═══ Provided data
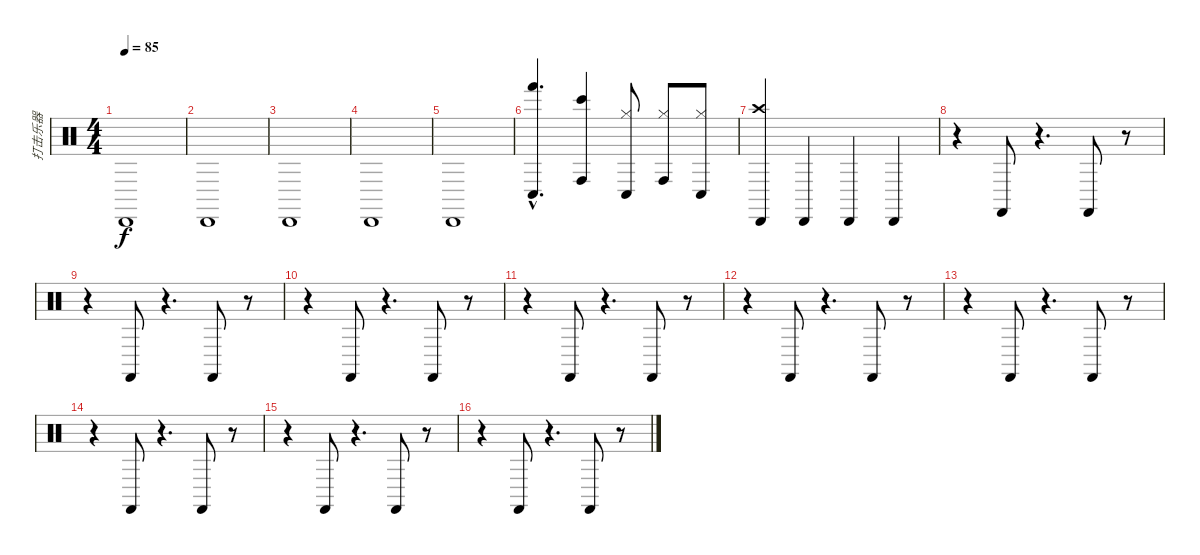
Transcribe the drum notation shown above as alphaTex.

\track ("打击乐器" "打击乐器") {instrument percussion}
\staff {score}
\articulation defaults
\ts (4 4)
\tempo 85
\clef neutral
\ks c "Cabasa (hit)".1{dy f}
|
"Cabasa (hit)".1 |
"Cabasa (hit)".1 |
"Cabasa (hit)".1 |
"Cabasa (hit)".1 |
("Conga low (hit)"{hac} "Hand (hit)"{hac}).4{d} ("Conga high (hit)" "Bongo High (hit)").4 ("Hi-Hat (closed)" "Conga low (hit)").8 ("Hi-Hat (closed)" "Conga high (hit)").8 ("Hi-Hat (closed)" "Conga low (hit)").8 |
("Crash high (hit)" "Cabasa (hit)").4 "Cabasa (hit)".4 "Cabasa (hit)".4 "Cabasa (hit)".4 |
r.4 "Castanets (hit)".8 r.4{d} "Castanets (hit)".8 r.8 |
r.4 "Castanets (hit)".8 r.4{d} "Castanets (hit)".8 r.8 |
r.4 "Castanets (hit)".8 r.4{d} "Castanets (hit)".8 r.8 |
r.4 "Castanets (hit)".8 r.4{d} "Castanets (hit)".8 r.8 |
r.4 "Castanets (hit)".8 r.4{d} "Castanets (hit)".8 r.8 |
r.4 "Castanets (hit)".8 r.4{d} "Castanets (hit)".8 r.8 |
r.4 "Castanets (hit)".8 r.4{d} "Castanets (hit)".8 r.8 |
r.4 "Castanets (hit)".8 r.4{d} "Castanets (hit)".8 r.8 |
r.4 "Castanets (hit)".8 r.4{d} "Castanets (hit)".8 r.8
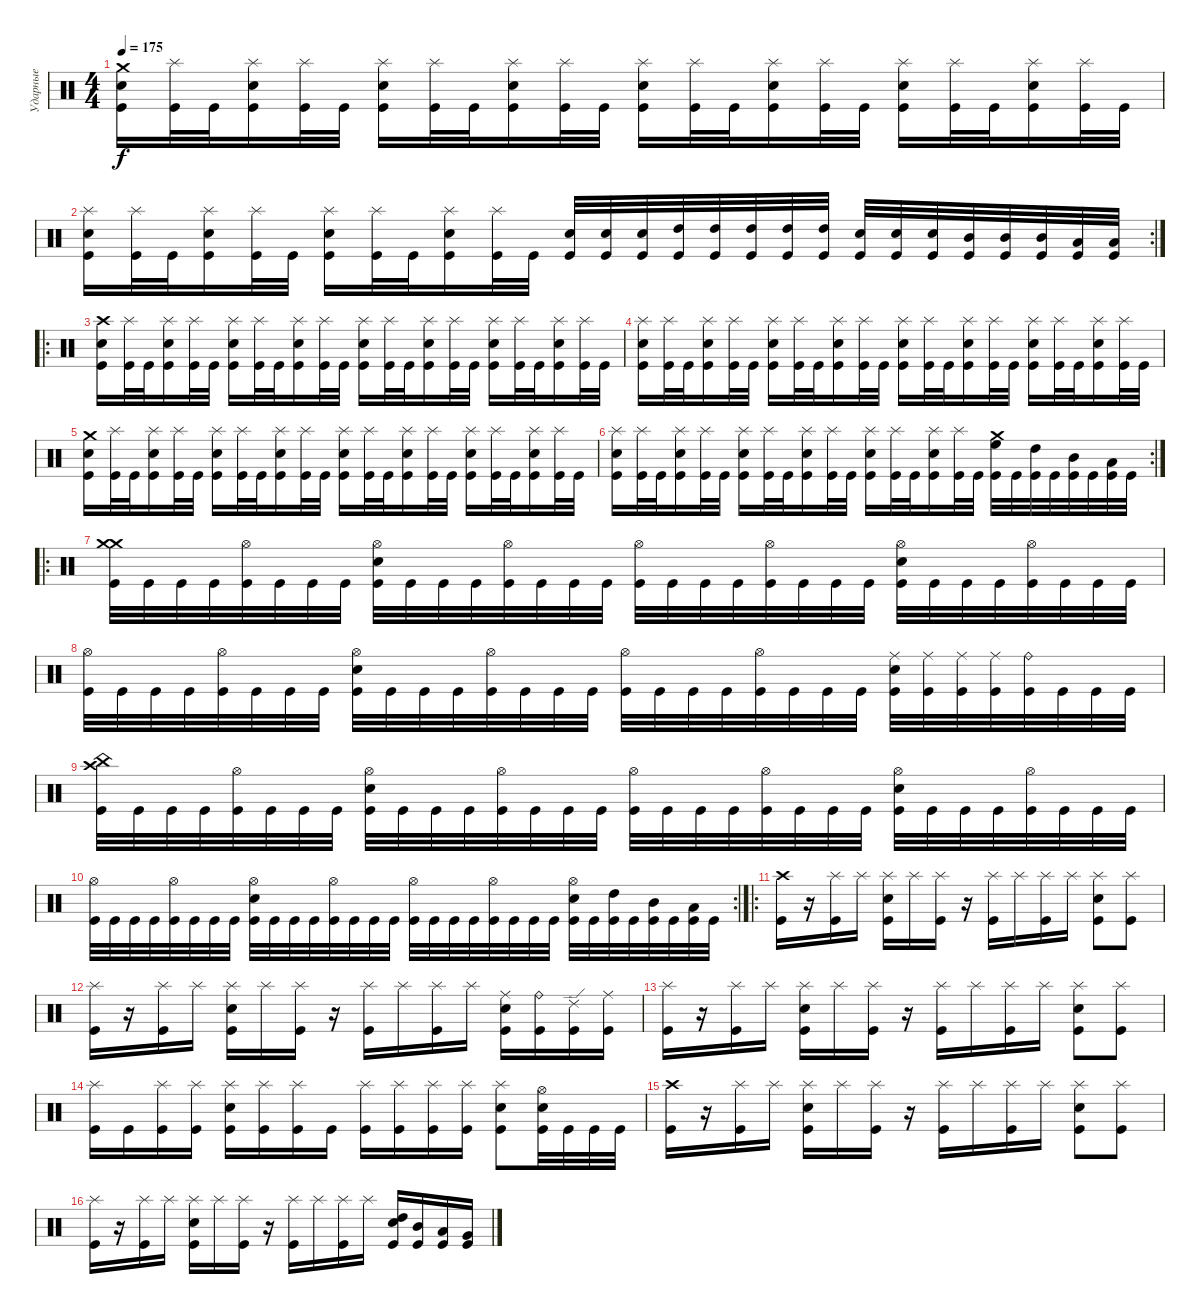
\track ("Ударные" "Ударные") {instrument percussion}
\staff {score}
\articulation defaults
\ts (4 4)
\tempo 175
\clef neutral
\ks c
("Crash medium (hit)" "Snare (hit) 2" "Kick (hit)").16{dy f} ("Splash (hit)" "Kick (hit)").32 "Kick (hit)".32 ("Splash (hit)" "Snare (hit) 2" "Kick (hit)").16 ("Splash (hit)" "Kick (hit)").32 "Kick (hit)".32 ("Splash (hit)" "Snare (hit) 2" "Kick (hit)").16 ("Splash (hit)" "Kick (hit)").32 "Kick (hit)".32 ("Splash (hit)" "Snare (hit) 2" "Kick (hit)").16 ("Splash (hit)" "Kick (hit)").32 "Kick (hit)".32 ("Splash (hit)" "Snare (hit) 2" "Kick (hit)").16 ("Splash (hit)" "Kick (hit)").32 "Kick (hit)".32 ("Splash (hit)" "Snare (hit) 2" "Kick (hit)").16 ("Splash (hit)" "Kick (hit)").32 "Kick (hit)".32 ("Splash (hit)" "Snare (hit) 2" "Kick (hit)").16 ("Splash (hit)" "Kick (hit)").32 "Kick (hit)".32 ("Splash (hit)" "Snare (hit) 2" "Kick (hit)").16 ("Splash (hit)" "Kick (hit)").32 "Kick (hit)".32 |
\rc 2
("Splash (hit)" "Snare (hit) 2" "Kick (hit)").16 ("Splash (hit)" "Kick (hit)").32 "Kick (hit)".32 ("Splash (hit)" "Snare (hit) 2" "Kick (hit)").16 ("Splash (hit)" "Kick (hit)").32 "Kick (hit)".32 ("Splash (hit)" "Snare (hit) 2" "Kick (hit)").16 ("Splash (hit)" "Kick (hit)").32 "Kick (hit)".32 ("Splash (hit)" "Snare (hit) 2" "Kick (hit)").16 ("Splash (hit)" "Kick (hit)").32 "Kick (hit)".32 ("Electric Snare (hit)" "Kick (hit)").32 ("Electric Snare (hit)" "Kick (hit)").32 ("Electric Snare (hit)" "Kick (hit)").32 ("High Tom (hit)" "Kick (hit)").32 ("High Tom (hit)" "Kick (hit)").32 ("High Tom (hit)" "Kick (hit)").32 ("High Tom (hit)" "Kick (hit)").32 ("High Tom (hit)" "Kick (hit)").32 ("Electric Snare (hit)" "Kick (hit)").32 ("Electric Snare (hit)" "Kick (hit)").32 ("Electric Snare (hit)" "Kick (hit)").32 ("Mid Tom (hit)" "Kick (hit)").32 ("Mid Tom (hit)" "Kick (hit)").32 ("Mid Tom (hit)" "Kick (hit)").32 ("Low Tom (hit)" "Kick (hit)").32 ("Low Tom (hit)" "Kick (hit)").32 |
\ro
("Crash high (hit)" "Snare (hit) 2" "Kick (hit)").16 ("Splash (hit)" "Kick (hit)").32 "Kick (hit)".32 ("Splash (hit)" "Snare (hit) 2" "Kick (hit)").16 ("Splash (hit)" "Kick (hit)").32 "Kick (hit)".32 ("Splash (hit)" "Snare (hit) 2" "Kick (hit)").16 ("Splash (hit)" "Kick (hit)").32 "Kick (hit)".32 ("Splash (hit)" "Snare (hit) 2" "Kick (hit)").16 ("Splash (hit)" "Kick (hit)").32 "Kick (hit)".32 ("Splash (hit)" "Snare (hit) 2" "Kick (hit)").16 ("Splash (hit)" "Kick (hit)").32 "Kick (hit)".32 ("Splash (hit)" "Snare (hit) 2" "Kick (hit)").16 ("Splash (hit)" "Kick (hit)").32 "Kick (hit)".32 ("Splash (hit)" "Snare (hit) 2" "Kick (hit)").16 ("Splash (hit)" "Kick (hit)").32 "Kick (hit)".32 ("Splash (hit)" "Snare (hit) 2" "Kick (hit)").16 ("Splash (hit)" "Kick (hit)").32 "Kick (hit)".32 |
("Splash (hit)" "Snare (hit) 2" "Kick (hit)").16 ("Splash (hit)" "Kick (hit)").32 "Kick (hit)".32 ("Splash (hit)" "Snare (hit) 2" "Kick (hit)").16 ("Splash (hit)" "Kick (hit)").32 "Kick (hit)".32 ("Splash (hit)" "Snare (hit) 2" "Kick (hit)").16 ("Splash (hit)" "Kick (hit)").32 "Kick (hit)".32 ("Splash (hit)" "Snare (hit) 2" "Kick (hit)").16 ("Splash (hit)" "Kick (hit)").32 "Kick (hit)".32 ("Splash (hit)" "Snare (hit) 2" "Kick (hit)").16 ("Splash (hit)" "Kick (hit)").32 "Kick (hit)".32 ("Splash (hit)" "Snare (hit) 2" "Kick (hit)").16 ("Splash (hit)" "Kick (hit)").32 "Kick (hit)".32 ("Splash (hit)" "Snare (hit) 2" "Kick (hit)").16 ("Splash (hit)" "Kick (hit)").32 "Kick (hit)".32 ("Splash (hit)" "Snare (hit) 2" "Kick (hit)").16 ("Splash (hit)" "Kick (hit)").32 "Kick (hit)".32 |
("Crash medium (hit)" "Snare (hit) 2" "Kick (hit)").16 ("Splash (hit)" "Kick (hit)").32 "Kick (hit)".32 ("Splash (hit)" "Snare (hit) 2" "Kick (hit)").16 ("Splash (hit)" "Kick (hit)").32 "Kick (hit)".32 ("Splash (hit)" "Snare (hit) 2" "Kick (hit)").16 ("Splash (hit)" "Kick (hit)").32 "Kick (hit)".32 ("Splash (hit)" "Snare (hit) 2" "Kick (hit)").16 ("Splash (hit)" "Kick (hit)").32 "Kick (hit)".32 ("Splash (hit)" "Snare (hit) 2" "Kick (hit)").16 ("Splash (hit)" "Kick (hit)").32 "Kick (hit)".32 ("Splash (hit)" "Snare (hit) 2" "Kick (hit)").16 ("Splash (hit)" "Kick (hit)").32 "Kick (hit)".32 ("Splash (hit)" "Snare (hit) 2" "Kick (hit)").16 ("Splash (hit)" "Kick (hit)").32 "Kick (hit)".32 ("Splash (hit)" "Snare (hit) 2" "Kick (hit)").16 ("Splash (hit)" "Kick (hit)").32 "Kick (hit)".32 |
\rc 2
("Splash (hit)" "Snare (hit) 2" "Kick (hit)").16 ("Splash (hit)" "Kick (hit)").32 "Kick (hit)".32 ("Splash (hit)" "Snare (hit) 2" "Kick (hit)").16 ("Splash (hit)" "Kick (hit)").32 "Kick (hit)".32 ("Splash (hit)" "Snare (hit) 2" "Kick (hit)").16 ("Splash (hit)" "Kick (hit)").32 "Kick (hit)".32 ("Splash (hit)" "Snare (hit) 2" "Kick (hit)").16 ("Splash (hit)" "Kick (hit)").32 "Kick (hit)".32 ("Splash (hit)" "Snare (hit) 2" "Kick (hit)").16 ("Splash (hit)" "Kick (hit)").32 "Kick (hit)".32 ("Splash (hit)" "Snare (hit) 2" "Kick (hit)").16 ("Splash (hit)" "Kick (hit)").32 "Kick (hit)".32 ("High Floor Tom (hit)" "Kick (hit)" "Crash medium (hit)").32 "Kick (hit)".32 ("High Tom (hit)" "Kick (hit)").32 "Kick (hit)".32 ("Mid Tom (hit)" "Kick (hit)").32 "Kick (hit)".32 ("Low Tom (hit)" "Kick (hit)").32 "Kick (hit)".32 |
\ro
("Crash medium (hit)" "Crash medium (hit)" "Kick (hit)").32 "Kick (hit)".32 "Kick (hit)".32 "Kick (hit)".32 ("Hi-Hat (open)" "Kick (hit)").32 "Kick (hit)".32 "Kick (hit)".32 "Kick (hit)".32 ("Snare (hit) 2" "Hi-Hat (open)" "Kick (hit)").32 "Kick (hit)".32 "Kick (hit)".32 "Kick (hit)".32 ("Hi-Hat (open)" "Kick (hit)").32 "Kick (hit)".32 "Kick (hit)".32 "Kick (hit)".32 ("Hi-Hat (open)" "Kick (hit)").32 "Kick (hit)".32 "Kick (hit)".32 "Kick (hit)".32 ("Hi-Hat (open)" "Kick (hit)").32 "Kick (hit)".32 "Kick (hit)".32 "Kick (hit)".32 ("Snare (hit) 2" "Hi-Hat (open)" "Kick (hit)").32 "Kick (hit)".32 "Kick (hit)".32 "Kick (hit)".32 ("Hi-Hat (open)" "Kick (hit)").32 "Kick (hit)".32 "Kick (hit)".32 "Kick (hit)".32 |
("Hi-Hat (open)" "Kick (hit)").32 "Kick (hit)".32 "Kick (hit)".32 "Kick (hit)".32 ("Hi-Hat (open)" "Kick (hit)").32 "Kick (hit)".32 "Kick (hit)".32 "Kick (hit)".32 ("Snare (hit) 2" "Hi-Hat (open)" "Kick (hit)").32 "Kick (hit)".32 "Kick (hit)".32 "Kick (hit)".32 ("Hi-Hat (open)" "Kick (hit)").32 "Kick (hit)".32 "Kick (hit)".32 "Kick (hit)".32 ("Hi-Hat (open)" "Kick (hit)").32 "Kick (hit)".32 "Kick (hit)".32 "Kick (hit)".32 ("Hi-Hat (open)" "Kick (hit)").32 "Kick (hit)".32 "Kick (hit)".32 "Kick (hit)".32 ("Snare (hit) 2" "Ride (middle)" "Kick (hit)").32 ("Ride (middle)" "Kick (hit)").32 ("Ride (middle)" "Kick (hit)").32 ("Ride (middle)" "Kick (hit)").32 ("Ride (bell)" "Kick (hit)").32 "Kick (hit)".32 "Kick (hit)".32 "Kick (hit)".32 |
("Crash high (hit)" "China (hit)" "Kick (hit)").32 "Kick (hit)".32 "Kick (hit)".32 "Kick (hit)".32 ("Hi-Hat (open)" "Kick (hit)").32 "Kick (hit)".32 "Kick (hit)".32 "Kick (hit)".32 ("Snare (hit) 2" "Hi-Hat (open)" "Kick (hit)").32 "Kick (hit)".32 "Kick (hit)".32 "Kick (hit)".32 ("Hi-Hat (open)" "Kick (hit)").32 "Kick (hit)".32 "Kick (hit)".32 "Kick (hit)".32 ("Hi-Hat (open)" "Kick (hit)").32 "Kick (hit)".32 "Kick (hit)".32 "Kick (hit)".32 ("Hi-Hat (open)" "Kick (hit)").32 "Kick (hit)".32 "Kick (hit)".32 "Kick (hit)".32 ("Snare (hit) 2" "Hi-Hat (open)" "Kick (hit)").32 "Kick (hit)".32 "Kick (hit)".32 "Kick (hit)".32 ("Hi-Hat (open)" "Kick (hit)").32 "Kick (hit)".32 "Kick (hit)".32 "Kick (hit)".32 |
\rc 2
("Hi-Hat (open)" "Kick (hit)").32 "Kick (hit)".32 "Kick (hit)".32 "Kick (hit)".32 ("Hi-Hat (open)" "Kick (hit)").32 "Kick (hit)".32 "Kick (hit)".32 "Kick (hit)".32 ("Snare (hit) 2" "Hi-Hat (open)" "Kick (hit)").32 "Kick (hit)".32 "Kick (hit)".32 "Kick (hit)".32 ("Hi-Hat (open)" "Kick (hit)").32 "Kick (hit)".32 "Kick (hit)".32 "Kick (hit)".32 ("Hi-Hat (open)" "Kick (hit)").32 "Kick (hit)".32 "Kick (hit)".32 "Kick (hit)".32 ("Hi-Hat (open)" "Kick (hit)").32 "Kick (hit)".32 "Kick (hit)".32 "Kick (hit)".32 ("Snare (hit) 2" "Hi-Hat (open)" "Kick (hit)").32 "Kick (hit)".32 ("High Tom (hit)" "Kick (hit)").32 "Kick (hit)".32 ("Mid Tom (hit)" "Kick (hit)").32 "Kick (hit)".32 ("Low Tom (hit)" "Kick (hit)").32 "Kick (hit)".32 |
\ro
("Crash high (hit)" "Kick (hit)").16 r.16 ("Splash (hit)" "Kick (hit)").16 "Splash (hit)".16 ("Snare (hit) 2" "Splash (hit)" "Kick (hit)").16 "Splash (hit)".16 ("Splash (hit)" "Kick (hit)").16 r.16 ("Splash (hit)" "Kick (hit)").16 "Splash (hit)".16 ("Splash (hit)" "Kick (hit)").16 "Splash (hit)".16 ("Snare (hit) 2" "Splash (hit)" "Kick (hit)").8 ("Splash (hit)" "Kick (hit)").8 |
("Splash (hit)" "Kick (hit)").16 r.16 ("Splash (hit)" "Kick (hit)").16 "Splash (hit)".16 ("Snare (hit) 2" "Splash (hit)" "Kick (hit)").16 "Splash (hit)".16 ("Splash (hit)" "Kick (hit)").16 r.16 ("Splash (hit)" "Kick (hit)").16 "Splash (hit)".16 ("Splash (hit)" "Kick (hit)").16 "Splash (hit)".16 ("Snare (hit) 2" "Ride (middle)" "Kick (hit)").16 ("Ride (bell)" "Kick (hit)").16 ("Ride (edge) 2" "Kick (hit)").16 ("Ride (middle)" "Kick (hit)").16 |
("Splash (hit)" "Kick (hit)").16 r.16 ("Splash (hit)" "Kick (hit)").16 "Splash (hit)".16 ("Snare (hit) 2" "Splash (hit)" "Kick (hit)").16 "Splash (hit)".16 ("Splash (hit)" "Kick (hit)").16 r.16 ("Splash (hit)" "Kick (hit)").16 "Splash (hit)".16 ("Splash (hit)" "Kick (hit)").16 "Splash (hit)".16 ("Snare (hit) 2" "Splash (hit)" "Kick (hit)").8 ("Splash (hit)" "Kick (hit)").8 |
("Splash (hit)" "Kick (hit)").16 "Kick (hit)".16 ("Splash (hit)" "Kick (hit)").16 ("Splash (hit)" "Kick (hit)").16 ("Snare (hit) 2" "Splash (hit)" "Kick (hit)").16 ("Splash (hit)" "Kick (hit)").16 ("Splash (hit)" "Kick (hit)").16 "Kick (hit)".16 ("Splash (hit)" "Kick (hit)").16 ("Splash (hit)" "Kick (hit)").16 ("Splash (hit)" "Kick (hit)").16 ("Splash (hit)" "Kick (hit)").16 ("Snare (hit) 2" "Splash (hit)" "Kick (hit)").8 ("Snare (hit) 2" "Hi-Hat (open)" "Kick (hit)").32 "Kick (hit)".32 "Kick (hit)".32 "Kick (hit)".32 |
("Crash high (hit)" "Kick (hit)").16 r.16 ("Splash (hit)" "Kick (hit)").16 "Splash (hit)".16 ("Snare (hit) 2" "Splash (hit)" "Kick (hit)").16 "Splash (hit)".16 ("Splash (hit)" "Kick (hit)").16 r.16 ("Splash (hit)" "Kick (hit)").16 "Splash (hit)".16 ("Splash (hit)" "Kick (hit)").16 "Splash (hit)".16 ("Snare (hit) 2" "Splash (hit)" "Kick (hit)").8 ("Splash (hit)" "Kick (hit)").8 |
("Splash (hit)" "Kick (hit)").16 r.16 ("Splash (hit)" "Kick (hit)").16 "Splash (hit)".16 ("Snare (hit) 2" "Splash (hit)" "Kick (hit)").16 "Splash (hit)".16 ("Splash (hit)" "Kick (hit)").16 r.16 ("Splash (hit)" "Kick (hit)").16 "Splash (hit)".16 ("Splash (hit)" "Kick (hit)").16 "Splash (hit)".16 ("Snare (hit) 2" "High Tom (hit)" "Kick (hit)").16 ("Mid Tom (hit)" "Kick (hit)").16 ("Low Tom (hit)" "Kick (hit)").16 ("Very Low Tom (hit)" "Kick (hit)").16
══════
## Your goal:
Across the data, pull every line containing the string "instrument".

## Output of the task:
\track ("打击乐器" "打击乐器") {instrument percussion}
\track ("Ударные" "Ударные") {instrument percussion}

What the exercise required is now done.